Listing a commercial property takes about twenty minutes. You write a description, upload some photographs, set an asking price, and put it on the portals. Done.
Marketing a commercial property is a different thing entirely. It requires understanding who the right buyer or tenant is, finding them — not waiting for them to find the listing — and giving them a compelling reason to act.
Most commercial agents do the first thing and call it the second.
What Listing Actually Is
A listing assumes that the right buyer or tenant is already looking — browsing Rightmove at the right moment, searching the right terms, and in the right position to act. For some properties in high-demand locations, this assumption holds. For many commercial properties, particularly those in secondary locations or of a more specific type, it does not.

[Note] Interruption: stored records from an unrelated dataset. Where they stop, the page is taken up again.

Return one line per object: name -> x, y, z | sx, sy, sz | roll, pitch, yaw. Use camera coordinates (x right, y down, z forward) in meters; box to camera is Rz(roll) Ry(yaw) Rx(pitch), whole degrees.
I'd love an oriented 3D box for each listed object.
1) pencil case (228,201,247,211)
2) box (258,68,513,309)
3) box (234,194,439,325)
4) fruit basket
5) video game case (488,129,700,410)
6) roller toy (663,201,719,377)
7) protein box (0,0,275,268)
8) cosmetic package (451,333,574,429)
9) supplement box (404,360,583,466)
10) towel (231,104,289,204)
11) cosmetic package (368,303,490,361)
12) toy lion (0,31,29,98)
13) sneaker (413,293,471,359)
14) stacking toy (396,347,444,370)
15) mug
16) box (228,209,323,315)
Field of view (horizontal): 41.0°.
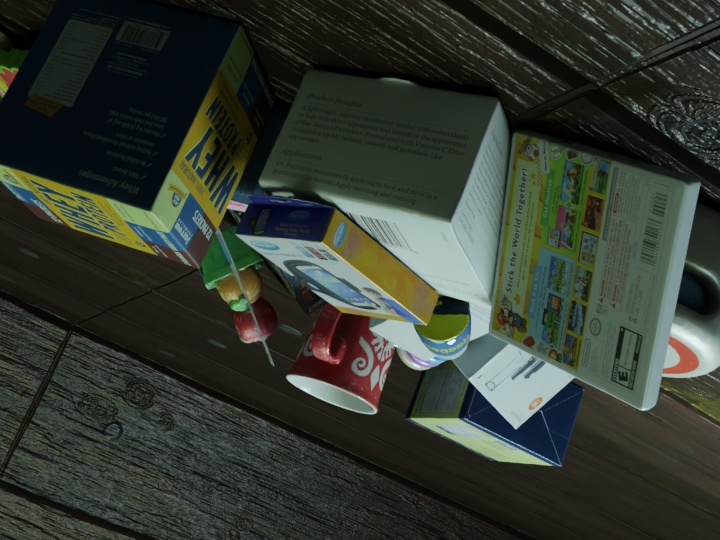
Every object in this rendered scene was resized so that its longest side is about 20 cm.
pencil case -> -0.088, -0.088, 1.129 | 0.199, 0.088, 0.087 | 20, 163, 9
box -> 0.043, -0.076, 0.926 | 0.198, 0.131, 0.200 | 14, 162, 26
box -> -0.027, -0.010, 0.923 | 0.119, 0.042, 0.200 | 6, 159, 43
fruit basket -> -0.169, 0.043, 1.363 | 0.093, 0.201, 0.185 | -17, 179, -7
video game case -> 0.193, -0.005, 0.835 | 0.023, 0.201, 0.182 | -13, -153, -37
roller toy -> 0.267, 0.019, 0.925 | 0.200, 0.140, 0.182 | 8, 157, 40
protein box -> -0.221, -0.140, 0.938 | 0.198, 0.201, 0.135 | 17, 162, 16
cosmetic package -> 0.214, 0.111, 1.242 | 0.052, 0.151, 0.200 | 52, -176, 37
supplement box -> 0.218, 0.222, 1.597 | 0.200, 0.135, 0.200 | 28, 162, -19
towel -> -0.154, -0.134, 1.024 | 0.199, 0.112, 0.049 | 17, 163, 16
cosmetic package -> 0.113, 0.029, 1.143 | 0.102, 0.074, 0.200 | 33, 139, -30
toy lion -> -0.367, -0.199, 1.131 | 0.191, 0.069, 0.200 | 26, 164, 11
sneaker -> 0.075, 0.008, 1.042 | 0.074, 0.201, 0.082 | -14, 143, 10
stacking toy -> 0.138, 0.096, 1.437 | 0.085, 0.086, 0.200 | 29, 155, -23
mug -> 0.001, 0.076, 1.318 | 0.133, 0.201, 0.178 | 24, 162, -6
box -> -0.116, -0.029, 1.314 | 0.137, 0.038, 0.200 | 49, 172, 22

The listing goes up. Enquiries are thin. The agent reports that interest has been limited. The market is blamed. The landlord waits.
This is the default commercial property marketing experience in the UK. It is not a function of the market. It is a function of how most agents approach the job.
What Marketing Actually Is
Marketing for commercial property means identifying who the right buyer or tenant is — specifically, not broadly — and reaching them directly.
For a sale, that might mean identifying investors who have acquired similar assets in the same region. Businesses that have been expanding and might recognise the development potential. Operators in adjacent sectors who have been looking for a new location.
For a letting, it might mean identifying businesses known to be looking for space in that area. Contacting businesses in the same sector that are currently trading from premises that are too large, too small, or in the wrong location. Direct outreach to occupiers rather than waiting for occupiers to find the portal listing.
It also means creating the right conditions for a decision. The Commercial Showcase Viewing is the most effective mechanism I've found for doing this in commercial property — a structured single-session event that brings all interested parties to the property simultaneously, creates genuine competition and urgency, and produces offers that drip-fed individual viewings simply cannot.
Why It Matters
The gap between listing and marketing is the gap between a property that sits on the market for months and one that moves quickly at the right price.
It is also the gap that most landlords don't know exists until they've experienced both approaches. If your property has been on the market for a significant period with limited results, the most important question to ask your agent is not "what's the market doing?" — it's "what specifically have you done to reach the right buyer or tenant beyond the portal listings?"
If the answer is vague, or the answer is essentially "we've listed it and we're waiting," you have your answer about why it hasn't moved.